- [Source material]
*-*-*

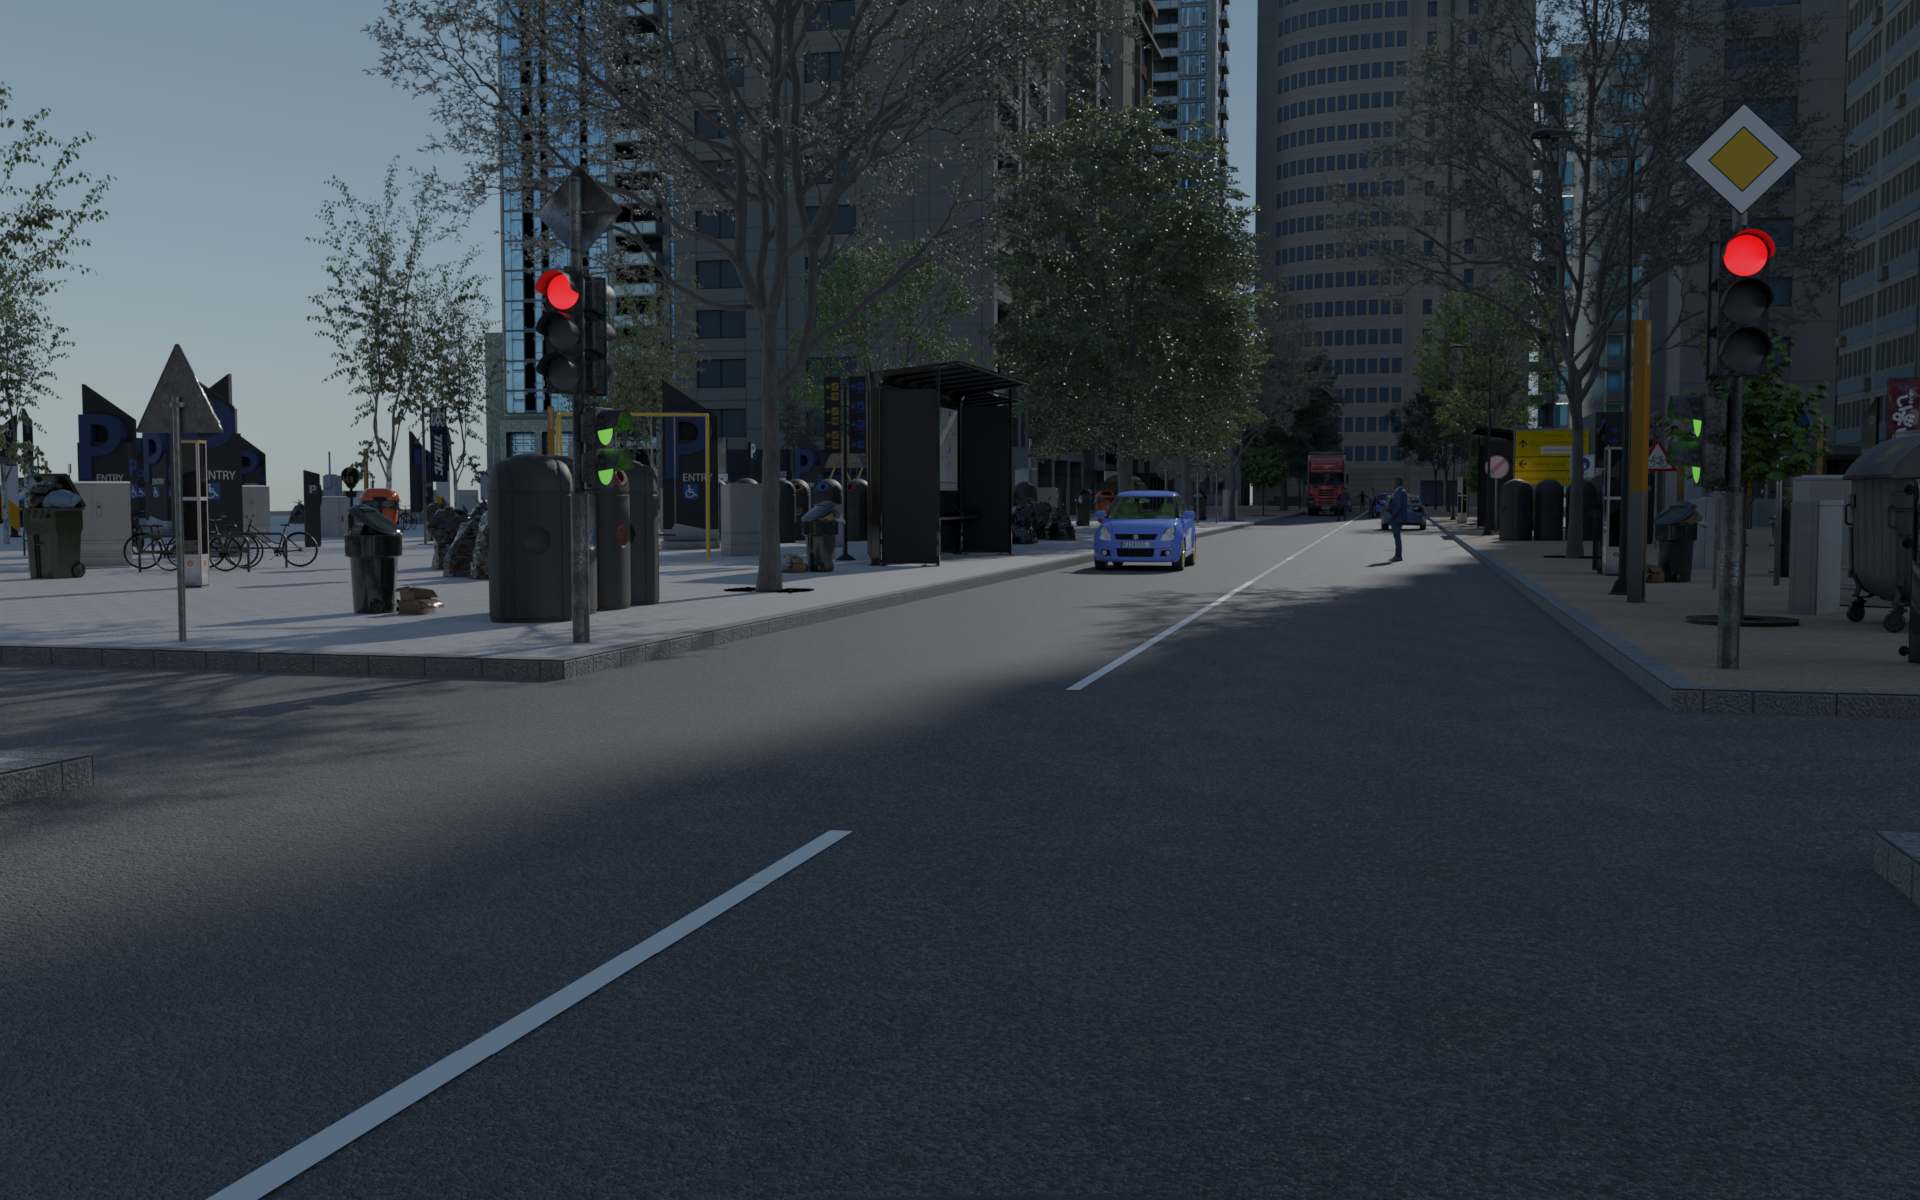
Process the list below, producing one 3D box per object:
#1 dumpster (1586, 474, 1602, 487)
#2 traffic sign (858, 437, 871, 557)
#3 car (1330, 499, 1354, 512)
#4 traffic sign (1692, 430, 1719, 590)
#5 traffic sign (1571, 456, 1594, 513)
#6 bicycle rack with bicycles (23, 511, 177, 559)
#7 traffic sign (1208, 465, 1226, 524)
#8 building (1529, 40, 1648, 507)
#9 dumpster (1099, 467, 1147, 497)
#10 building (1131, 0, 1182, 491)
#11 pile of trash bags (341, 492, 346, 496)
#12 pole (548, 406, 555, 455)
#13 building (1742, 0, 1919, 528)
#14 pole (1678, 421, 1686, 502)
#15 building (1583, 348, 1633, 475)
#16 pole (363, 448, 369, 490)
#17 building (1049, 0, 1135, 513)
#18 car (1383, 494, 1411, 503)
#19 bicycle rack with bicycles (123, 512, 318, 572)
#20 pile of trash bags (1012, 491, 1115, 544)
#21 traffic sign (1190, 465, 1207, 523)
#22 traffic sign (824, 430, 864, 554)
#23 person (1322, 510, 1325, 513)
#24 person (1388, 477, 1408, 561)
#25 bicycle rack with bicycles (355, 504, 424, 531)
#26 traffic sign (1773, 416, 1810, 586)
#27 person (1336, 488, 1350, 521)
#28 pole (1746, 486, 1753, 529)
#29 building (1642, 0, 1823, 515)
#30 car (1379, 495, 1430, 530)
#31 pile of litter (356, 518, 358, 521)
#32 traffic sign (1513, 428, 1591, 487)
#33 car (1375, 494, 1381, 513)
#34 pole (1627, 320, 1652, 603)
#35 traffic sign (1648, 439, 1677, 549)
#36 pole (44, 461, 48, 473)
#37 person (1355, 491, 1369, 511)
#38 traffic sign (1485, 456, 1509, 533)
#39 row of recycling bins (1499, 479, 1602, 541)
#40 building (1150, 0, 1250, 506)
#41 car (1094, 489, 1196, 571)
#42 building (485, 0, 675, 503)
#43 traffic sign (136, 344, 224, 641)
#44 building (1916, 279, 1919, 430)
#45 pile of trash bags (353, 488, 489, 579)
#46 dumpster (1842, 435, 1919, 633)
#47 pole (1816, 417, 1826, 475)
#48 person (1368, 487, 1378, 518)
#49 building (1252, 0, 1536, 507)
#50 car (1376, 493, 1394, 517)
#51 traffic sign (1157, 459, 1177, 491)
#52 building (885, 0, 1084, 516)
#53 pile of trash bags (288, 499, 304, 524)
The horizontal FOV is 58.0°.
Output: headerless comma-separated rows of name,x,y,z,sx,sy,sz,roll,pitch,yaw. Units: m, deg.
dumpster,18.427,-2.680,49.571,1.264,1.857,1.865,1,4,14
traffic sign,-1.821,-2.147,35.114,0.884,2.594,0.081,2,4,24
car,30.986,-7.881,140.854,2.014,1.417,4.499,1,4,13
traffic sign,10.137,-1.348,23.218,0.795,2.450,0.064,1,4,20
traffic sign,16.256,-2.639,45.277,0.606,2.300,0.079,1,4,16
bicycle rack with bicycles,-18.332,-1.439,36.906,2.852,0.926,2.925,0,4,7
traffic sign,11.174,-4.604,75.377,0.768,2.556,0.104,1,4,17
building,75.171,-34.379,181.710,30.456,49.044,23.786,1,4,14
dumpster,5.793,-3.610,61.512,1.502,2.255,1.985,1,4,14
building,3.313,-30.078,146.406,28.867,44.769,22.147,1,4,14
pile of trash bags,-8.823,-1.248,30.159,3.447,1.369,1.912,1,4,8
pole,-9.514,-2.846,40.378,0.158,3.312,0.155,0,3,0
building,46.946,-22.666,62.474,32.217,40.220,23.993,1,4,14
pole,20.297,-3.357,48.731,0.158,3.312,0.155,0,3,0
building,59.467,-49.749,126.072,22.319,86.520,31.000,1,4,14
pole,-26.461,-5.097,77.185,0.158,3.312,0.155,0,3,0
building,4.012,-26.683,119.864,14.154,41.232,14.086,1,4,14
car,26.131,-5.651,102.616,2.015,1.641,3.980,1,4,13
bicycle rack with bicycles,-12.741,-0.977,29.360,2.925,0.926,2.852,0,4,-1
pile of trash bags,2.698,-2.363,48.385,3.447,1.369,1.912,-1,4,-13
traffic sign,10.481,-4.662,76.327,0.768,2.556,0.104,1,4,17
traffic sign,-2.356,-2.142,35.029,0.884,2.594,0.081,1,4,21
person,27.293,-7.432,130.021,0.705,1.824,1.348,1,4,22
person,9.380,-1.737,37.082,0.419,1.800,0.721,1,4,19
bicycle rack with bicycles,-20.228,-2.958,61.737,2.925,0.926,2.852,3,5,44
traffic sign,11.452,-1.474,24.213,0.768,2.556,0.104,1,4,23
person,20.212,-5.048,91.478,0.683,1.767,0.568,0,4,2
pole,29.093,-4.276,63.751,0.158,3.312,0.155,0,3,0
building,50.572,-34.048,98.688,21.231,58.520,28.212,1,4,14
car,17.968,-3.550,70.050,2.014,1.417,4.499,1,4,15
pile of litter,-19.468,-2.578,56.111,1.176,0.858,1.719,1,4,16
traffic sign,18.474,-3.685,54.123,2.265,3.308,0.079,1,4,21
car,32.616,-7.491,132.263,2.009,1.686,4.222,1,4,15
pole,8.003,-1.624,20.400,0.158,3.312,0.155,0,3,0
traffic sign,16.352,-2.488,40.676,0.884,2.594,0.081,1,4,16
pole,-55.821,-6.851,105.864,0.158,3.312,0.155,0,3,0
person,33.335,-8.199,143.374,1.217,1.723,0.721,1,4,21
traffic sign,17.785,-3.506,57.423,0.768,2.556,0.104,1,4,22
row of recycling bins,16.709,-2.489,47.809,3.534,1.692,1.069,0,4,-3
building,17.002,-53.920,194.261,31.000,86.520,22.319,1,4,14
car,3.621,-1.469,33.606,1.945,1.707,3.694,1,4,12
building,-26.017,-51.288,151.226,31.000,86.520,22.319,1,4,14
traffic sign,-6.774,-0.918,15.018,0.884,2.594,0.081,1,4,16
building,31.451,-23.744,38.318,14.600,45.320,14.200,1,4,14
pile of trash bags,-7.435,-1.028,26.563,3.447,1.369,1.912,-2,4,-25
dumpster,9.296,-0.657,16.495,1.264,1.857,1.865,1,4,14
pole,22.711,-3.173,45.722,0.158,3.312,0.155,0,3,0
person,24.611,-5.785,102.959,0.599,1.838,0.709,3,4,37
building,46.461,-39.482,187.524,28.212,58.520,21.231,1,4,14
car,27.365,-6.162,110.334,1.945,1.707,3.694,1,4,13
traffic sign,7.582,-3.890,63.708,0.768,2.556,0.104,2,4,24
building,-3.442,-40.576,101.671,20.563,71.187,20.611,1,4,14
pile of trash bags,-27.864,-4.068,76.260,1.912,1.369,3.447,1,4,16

*-*-*

- [Task description]
Extract the entries in full, exactly as they are, minus the pictures.

- [Output of the exercise]
Process the list below, producing one 3D box per object:
#1 dumpster (1586, 474, 1602, 487)
#2 traffic sign (858, 437, 871, 557)
#3 car (1330, 499, 1354, 512)
#4 traffic sign (1692, 430, 1719, 590)
#5 traffic sign (1571, 456, 1594, 513)
#6 bicycle rack with bicycles (23, 511, 177, 559)
#7 traffic sign (1208, 465, 1226, 524)
#8 building (1529, 40, 1648, 507)
#9 dumpster (1099, 467, 1147, 497)
#10 building (1131, 0, 1182, 491)
#11 pile of trash bags (341, 492, 346, 496)
#12 pole (548, 406, 555, 455)
#13 building (1742, 0, 1919, 528)
#14 pole (1678, 421, 1686, 502)
#15 building (1583, 348, 1633, 475)
#16 pole (363, 448, 369, 490)
#17 building (1049, 0, 1135, 513)
#18 car (1383, 494, 1411, 503)
#19 bicycle rack with bicycles (123, 512, 318, 572)
#20 pile of trash bags (1012, 491, 1115, 544)
#21 traffic sign (1190, 465, 1207, 523)
#22 traffic sign (824, 430, 864, 554)
#23 person (1322, 510, 1325, 513)
#24 person (1388, 477, 1408, 561)
#25 bicycle rack with bicycles (355, 504, 424, 531)
#26 traffic sign (1773, 416, 1810, 586)
#27 person (1336, 488, 1350, 521)
#28 pole (1746, 486, 1753, 529)
#29 building (1642, 0, 1823, 515)
#30 car (1379, 495, 1430, 530)
#31 pile of litter (356, 518, 358, 521)
#32 traffic sign (1513, 428, 1591, 487)
#33 car (1375, 494, 1381, 513)
#34 pole (1627, 320, 1652, 603)
#35 traffic sign (1648, 439, 1677, 549)
#36 pole (44, 461, 48, 473)
#37 person (1355, 491, 1369, 511)
#38 traffic sign (1485, 456, 1509, 533)
#39 row of recycling bins (1499, 479, 1602, 541)
#40 building (1150, 0, 1250, 506)
#41 car (1094, 489, 1196, 571)
#42 building (485, 0, 675, 503)
#43 traffic sign (136, 344, 224, 641)
#44 building (1916, 279, 1919, 430)
#45 pile of trash bags (353, 488, 489, 579)
#46 dumpster (1842, 435, 1919, 633)
#47 pole (1816, 417, 1826, 475)
#48 person (1368, 487, 1378, 518)
#49 building (1252, 0, 1536, 507)
#50 car (1376, 493, 1394, 517)
#51 traffic sign (1157, 459, 1177, 491)
#52 building (885, 0, 1084, 516)
#53 pile of trash bags (288, 499, 304, 524)
The horizontal FOV is 58.0°.
Output: headerless comma-separated rows of name,x,y,z,sx,sy,sz,roll,pitch,yaw. Units: m, deg.
dumpster,18.427,-2.680,49.571,1.264,1.857,1.865,1,4,14
traffic sign,-1.821,-2.147,35.114,0.884,2.594,0.081,2,4,24
car,30.986,-7.881,140.854,2.014,1.417,4.499,1,4,13
traffic sign,10.137,-1.348,23.218,0.795,2.450,0.064,1,4,20
traffic sign,16.256,-2.639,45.277,0.606,2.300,0.079,1,4,16
bicycle rack with bicycles,-18.332,-1.439,36.906,2.852,0.926,2.925,0,4,7
traffic sign,11.174,-4.604,75.377,0.768,2.556,0.104,1,4,17
building,75.171,-34.379,181.710,30.456,49.044,23.786,1,4,14
dumpster,5.793,-3.610,61.512,1.502,2.255,1.985,1,4,14
building,3.313,-30.078,146.406,28.867,44.769,22.147,1,4,14
pile of trash bags,-8.823,-1.248,30.159,3.447,1.369,1.912,1,4,8
pole,-9.514,-2.846,40.378,0.158,3.312,0.155,0,3,0
building,46.946,-22.666,62.474,32.217,40.220,23.993,1,4,14
pole,20.297,-3.357,48.731,0.158,3.312,0.155,0,3,0
building,59.467,-49.749,126.072,22.319,86.520,31.000,1,4,14
pole,-26.461,-5.097,77.185,0.158,3.312,0.155,0,3,0
building,4.012,-26.683,119.864,14.154,41.232,14.086,1,4,14
car,26.131,-5.651,102.616,2.015,1.641,3.980,1,4,13
bicycle rack with bicycles,-12.741,-0.977,29.360,2.925,0.926,2.852,0,4,-1
pile of trash bags,2.698,-2.363,48.385,3.447,1.369,1.912,-1,4,-13
traffic sign,10.481,-4.662,76.327,0.768,2.556,0.104,1,4,17
traffic sign,-2.356,-2.142,35.029,0.884,2.594,0.081,1,4,21
person,27.293,-7.432,130.021,0.705,1.824,1.348,1,4,22
person,9.380,-1.737,37.082,0.419,1.800,0.721,1,4,19
bicycle rack with bicycles,-20.228,-2.958,61.737,2.925,0.926,2.852,3,5,44
traffic sign,11.452,-1.474,24.213,0.768,2.556,0.104,1,4,23
person,20.212,-5.048,91.478,0.683,1.767,0.568,0,4,2
pole,29.093,-4.276,63.751,0.158,3.312,0.155,0,3,0
building,50.572,-34.048,98.688,21.231,58.520,28.212,1,4,14
car,17.968,-3.550,70.050,2.014,1.417,4.499,1,4,15
pile of litter,-19.468,-2.578,56.111,1.176,0.858,1.719,1,4,16
traffic sign,18.474,-3.685,54.123,2.265,3.308,0.079,1,4,21
car,32.616,-7.491,132.263,2.009,1.686,4.222,1,4,15
pole,8.003,-1.624,20.400,0.158,3.312,0.155,0,3,0
traffic sign,16.352,-2.488,40.676,0.884,2.594,0.081,1,4,16
pole,-55.821,-6.851,105.864,0.158,3.312,0.155,0,3,0
person,33.335,-8.199,143.374,1.217,1.723,0.721,1,4,21
traffic sign,17.785,-3.506,57.423,0.768,2.556,0.104,1,4,22
row of recycling bins,16.709,-2.489,47.809,3.534,1.692,1.069,0,4,-3
building,17.002,-53.920,194.261,31.000,86.520,22.319,1,4,14
car,3.621,-1.469,33.606,1.945,1.707,3.694,1,4,12
building,-26.017,-51.288,151.226,31.000,86.520,22.319,1,4,14
traffic sign,-6.774,-0.918,15.018,0.884,2.594,0.081,1,4,16
building,31.451,-23.744,38.318,14.600,45.320,14.200,1,4,14
pile of trash bags,-7.435,-1.028,26.563,3.447,1.369,1.912,-2,4,-25
dumpster,9.296,-0.657,16.495,1.264,1.857,1.865,1,4,14
pole,22.711,-3.173,45.722,0.158,3.312,0.155,0,3,0
person,24.611,-5.785,102.959,0.599,1.838,0.709,3,4,37
building,46.461,-39.482,187.524,28.212,58.520,21.231,1,4,14
car,27.365,-6.162,110.334,1.945,1.707,3.694,1,4,13
traffic sign,7.582,-3.890,63.708,0.768,2.556,0.104,2,4,24
building,-3.442,-40.576,101.671,20.563,71.187,20.611,1,4,14
pile of trash bags,-27.864,-4.068,76.260,1.912,1.369,3.447,1,4,16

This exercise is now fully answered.